[Entries taken from a collection]
┄┄┄┄┄┄┄┄┄┄

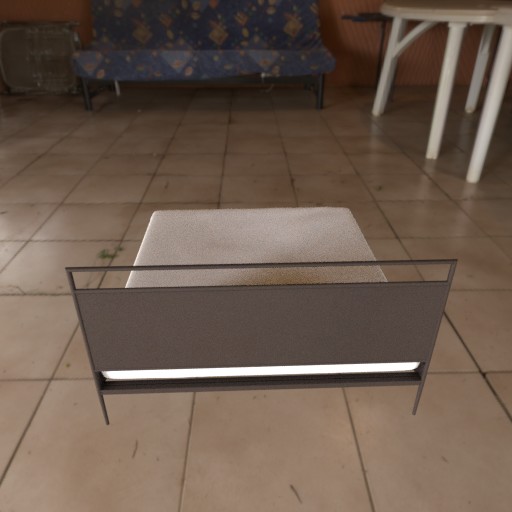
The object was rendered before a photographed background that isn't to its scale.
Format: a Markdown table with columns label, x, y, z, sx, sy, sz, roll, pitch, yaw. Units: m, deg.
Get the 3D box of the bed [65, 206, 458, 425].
| label | x | y | z | sx | sy | sz | roll | pitch | yaw |
| --- | --- | --- | --- | --- | --- | --- | --- | --- | --- |
| bed | 0.000 | 0.000 | 3.459 | 1.993 | 1.173 | 2.151 | -1 | 31 | -2 |
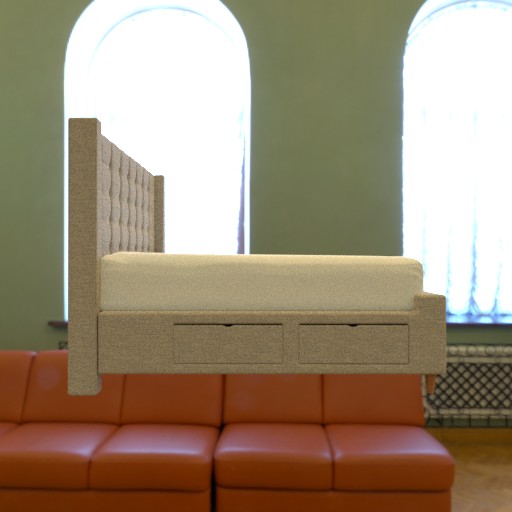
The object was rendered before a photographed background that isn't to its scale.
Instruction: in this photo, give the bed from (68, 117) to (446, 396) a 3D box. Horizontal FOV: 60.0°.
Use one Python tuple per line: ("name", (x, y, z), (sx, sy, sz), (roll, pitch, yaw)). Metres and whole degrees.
("bed", (0.000, 0.000, 3.770), (2.372, 1.748, 2.044), (0, 0, 0))
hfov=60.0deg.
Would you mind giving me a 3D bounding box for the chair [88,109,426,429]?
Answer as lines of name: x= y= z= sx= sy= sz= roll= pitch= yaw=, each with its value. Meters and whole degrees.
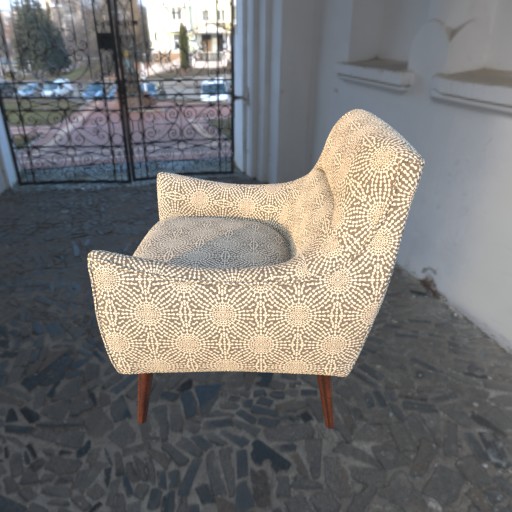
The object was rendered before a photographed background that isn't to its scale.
chair: x=0.000 y=0.000 z=1.407 sx=0.787 sy=0.838 sz=0.762 roll=1 pitch=27 yaw=2
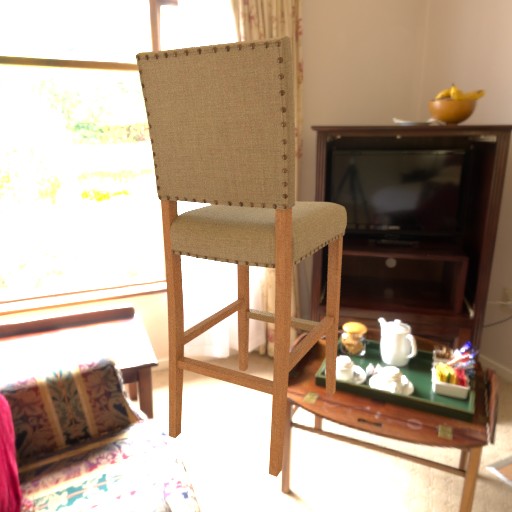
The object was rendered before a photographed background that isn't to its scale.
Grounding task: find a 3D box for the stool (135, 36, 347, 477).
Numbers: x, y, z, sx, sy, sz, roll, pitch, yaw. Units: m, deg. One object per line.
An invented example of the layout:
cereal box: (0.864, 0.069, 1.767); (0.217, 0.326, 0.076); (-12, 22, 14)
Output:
stool: (0.000, 0.000, 1.468); (0.445, 1.203, 0.585); (8, 17, 27)
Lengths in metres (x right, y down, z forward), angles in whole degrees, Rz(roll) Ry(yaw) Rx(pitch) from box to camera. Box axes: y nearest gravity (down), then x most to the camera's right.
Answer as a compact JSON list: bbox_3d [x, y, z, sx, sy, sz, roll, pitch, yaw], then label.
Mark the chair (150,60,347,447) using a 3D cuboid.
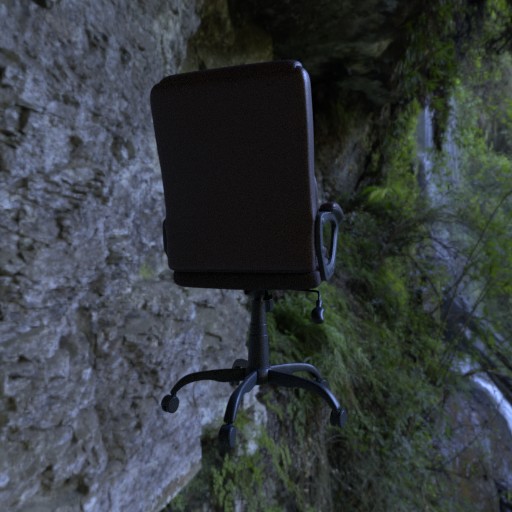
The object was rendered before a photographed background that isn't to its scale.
[{"bbox_3d":[0.000,0.000,1.520,0.615,1.072,0.655,0,0,17],"label":"chair"}]
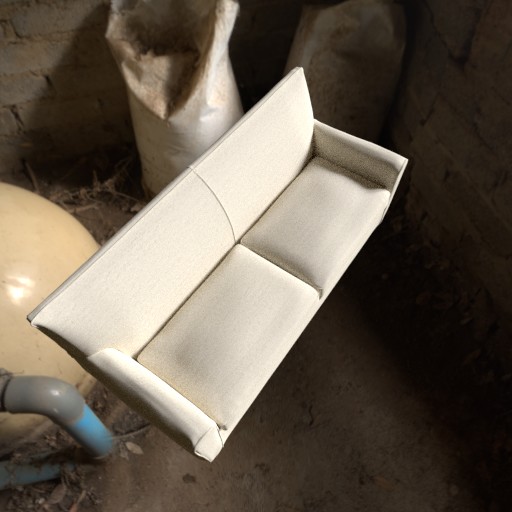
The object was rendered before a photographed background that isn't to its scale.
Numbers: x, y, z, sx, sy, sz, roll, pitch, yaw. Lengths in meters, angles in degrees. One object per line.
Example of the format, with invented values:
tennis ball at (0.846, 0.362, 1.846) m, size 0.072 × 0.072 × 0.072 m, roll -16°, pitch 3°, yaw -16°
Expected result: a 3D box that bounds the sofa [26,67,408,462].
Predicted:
sofa at (0.000, 0.000, 2.429) m, size 0.841 × 0.907 × 2.001 m, roll 31°, pitch 63°, yaw 18°
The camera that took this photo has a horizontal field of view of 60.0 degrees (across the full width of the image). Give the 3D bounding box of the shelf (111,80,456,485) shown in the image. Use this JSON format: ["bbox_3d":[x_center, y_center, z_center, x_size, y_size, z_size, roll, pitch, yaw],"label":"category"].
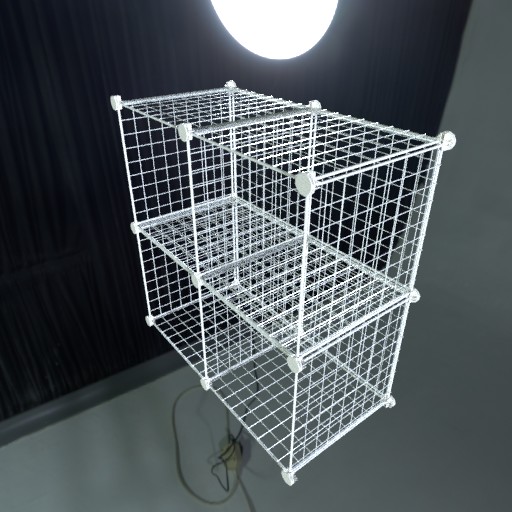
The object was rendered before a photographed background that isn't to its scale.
[{"bbox_3d":[0.000,0.000,1.116,0.356,0.711,0.711,-21,37,-32],"label":"shelf"}]
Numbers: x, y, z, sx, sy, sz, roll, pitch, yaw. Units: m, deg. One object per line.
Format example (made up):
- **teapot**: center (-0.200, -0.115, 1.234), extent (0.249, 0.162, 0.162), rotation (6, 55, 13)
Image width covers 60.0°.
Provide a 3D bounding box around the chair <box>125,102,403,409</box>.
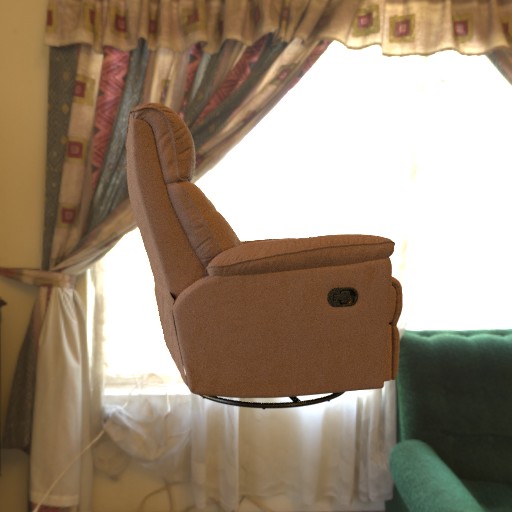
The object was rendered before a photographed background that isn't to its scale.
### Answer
- **chair**: center (0.000, 0.000, 1.805), extent (1.004, 1.037, 0.820), rotation (0, 2, -18)
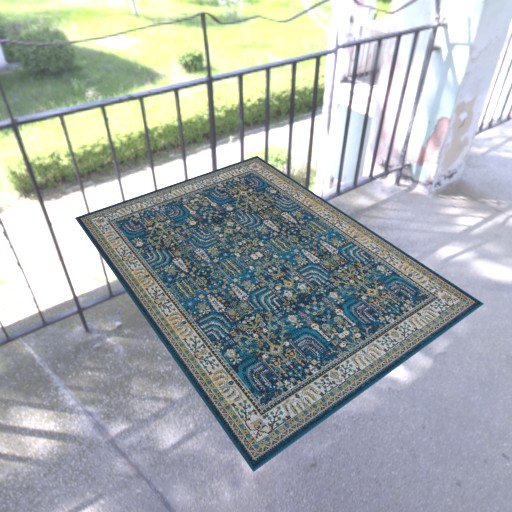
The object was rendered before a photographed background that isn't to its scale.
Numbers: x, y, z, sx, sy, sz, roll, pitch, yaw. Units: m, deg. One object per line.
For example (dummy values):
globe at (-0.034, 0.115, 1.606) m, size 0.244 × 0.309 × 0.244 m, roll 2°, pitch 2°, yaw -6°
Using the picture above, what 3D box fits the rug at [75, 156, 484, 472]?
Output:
rug at (0.000, 0.000, 3.932) m, size 2.226 × 0.015 × 3.044 m, roll -25°, pitch 46°, yaw -27°
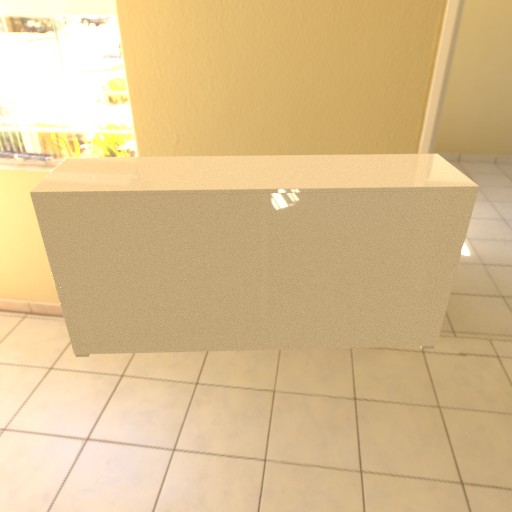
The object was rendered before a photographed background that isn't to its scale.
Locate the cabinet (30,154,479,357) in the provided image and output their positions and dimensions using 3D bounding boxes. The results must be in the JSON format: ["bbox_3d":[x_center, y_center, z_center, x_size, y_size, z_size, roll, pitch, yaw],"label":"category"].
[{"bbox_3d":[0.000,0.000,1.999,1.650,0.800,0.400,-1,30,-2],"label":"cabinet"}]
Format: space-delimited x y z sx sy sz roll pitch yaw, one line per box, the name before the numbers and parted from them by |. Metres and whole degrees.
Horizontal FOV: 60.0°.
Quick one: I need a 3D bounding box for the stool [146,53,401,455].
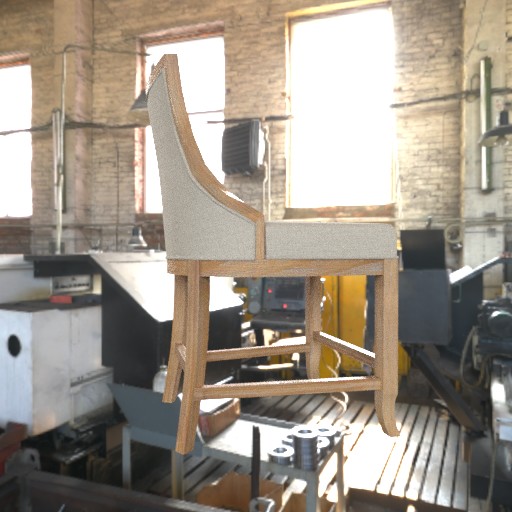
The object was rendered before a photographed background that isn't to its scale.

┄┄┄┄┄┄┄┄┄┄

_Task_
Of the entries above, transcribe exactly those lines that fall between the line containing "Answer as a" and the line containing "Mark the chair", together with those two lines.

_Task output_
Answer as a compact JSON list: bbox_3d [x, y, z, sx, sy, sz, roll, pitch, yaw], then label.
Mark the chair (150,60,347,447) using a 3D cuboid.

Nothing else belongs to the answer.